L’art a plus de valeur que la vérité
M. Kessler
Au philosophe le réel et à l’artiste l’imaginaire.
Il semblerait que le philosophe doive se contenter de décrire le monde dans sa vérité tandis que
l’artiste devrait créer une réalité originale qui n’imite pas la nature. Mais Nietzsche fait figure
problématique dans cette dichotomie.
On lui a souvent reproché le caractère chaotique de son discours et les contradictions de ses thèses,
appréhendant sa pensée comme un jeu poétique talentueux mais dépourvu de logique. Finalement,
c’est dans la revue des années 1930 de Georges Bataille : Acéphale, que Nietzsche est intronisé
philosophe-artiste, mais cette représentation a encore le défaut d’obscurcir l’aspect rationnel de sa
pensée.
Il convient, pour bien saisir la pensée nietzschéenne, de placer la question de la culture et de la
civilisation en son centre. C’est pourquoi le surhomme est d’abord un philosophe et un artiste, c’est-à-
dire un destructeur et un créateur.
« La question que je pose ici n’est pas de savoir ce qui doit prendre la relève de l’humanité dans la
succession des êtres (car l’homme est une fin), mais bien quel type d’hommes il faut élever, il faut
vouloir, comme le plus riche en valeurs supérieures, le plus digne de vivre, le plus assuré d’un avenir.
Ce type d’hommes d’une valeur supérieure s’est déjà bien souvent présenté, mais à titre de hasard
heureux, à titre d’exception, jamais parce que voulu. Au contraire, c’est lui qu’on a justement le plus
redouté, il était jusqu’ici presque la chose redoutable en soi ; –et cette crainte a fait qu’on a voulu,
dressé, obtenu le type contraire : l’animal domestique, l’animal de troupeau, l’homme animal malade,
le chrétien…» L’antéchrist, §3.
Assumer pleinement sa finitude et acquiescer sans réserve au caractère tragique de l’existence sont les
deux caractéristiques principales du surhomme.
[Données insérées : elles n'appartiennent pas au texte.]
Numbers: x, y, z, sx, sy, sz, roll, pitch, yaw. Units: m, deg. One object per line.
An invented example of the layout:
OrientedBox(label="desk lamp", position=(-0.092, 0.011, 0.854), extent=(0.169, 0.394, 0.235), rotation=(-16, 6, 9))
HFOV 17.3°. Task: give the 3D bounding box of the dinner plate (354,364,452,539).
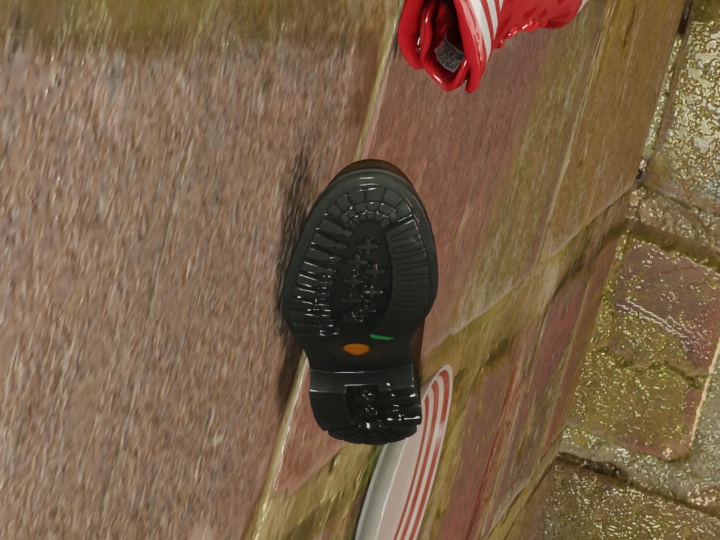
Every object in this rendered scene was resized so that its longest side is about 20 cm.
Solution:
OrientedBox(label="dinner plate", position=(0.024, 0.158, 1.626), extent=(0.200, 0.024, 0.201), rotation=(16, 90, -81))

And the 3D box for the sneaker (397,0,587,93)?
OrientedBox(label="sneaker", position=(0.062, -0.142, 1.250), extent=(0.116, 0.078, 0.200), rotation=(-64, 157, -7))

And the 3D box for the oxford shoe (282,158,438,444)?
OrientedBox(label="oxford shoe", position=(0.000, 0.000, 1.141), extent=(0.200, 0.072, 0.085), rotation=(95, -1, -57))

En ce sens, le surhomme assure la relève de Dieu. Son
créateur étant mort, c’est-à-dire la croyance en Dieu tombée en désuétude, l’individu contemporain
doit ou bien s’abîmer dans le gouffre d’un nihilisme synonyme d’absurdité et de mort ou bien prendre
la relève du créateur en redéfinissant l’essence de l’homme comme artistique. Une telle essence ne
peut être elle-même qu’une création et non pas une réalité inscrite dans son être.
« L’homme est l’animal dont le caractère propre n’est pas encore fixé. » Par-delà Bien et Mal, §62
Avec Nietzsche, l’essence de l’homme accède à la reconnaissance de son caractère historial. C’est dire
que l’homme ne répond à aucune nature éternelle. Il est conçu comme un être en devenir perpétuel.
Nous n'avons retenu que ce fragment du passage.